■ **PROBLEM DETAILS**: When you write out the listing below, keep each word exactly as it stands and drop the pictures.
⁂
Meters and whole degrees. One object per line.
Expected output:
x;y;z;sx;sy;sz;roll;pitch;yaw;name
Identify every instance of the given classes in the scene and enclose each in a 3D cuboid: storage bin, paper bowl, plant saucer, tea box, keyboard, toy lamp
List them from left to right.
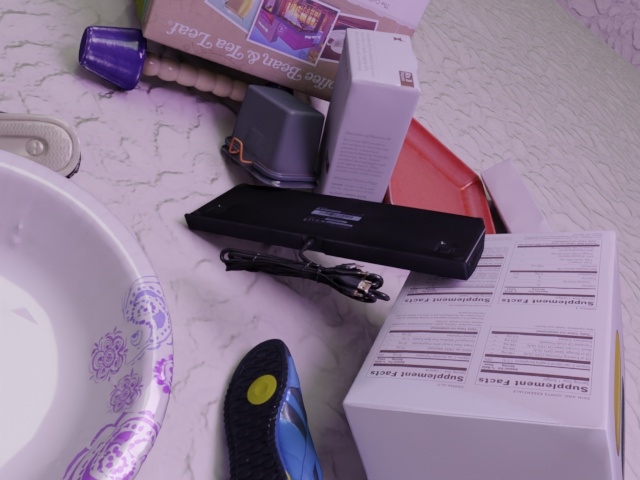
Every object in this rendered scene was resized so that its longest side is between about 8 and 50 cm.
-0.250;0.086;0.398;0.284;0.148;0.284;16;53;-22;paper bowl
-0.169;-0.213;0.812;0.274;0.080;0.080;9;48;-31;toy lamp
-0.068;-0.369;0.862;0.329;0.220;0.323;13;29;-28;tea box
-0.060;-0.134;0.774;0.098;0.091;0.135;-3;29;-38;storage bin
0.000;0.000;0.643;0.317;0.033;0.201;10;27;24;keyboard
0.164;-0.063;0.911;0.259;0.047;0.258;33;38;-30;plant saucer

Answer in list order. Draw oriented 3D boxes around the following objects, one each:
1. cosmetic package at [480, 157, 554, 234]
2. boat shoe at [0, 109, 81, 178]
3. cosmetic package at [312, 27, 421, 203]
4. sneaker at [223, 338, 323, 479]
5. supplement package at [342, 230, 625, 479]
0.334;-0.009;0.990;0.099;0.060;0.239;46;22;-52;cosmetic package
-0.347;-0.093;0.579;0.233;0.079;0.084;8;91;-19;boat shoe
0.048;-0.127;0.766;0.085;0.231;0.117;6;46;-7;cosmetic package
-0.038;0.186;0.560;0.082;0.069;0.209;53;17;-38;sneaker
0.177;0.143;0.589;0.263;0.198;0.199;-53;133;-50;supplement package
⁂
■ **EXERCISE RESULT**:
Meters and whole degrees. One object per line.
Expected output:
x;y;z;sx;sy;sz;roll;pitch;yaw;name
Identify every instance of the given classes in the scene and enclose each in a 3D cuboid: storage bin, paper bowl, plant saucer, tea box, keyboard, toy lamp
List them from left to right.
Every object in this rendered scene was resized so that its longest side is between about 8 and 50 cm.
-0.250;0.086;0.398;0.284;0.148;0.284;16;53;-22;paper bowl
-0.169;-0.213;0.812;0.274;0.080;0.080;9;48;-31;toy lamp
-0.068;-0.369;0.862;0.329;0.220;0.323;13;29;-28;tea box
-0.060;-0.134;0.774;0.098;0.091;0.135;-3;29;-38;storage bin
0.000;0.000;0.643;0.317;0.033;0.201;10;27;24;keyboard
0.164;-0.063;0.911;0.259;0.047;0.258;33;38;-30;plant saucer

Answer in list order. Draw oriented 3D boxes around the following objects, one each:
1. cosmetic package at [480, 157, 554, 234]
2. boat shoe at [0, 109, 81, 178]
3. cosmetic package at [312, 27, 421, 203]
4. sneaker at [223, 338, 323, 479]
5. supplement package at [342, 230, 625, 479]
0.334;-0.009;0.990;0.099;0.060;0.239;46;22;-52;cosmetic package
-0.347;-0.093;0.579;0.233;0.079;0.084;8;91;-19;boat shoe
0.048;-0.127;0.766;0.085;0.231;0.117;6;46;-7;cosmetic package
-0.038;0.186;0.560;0.082;0.069;0.209;53;17;-38;sneaker
0.177;0.143;0.589;0.263;0.198;0.199;-53;133;-50;supplement package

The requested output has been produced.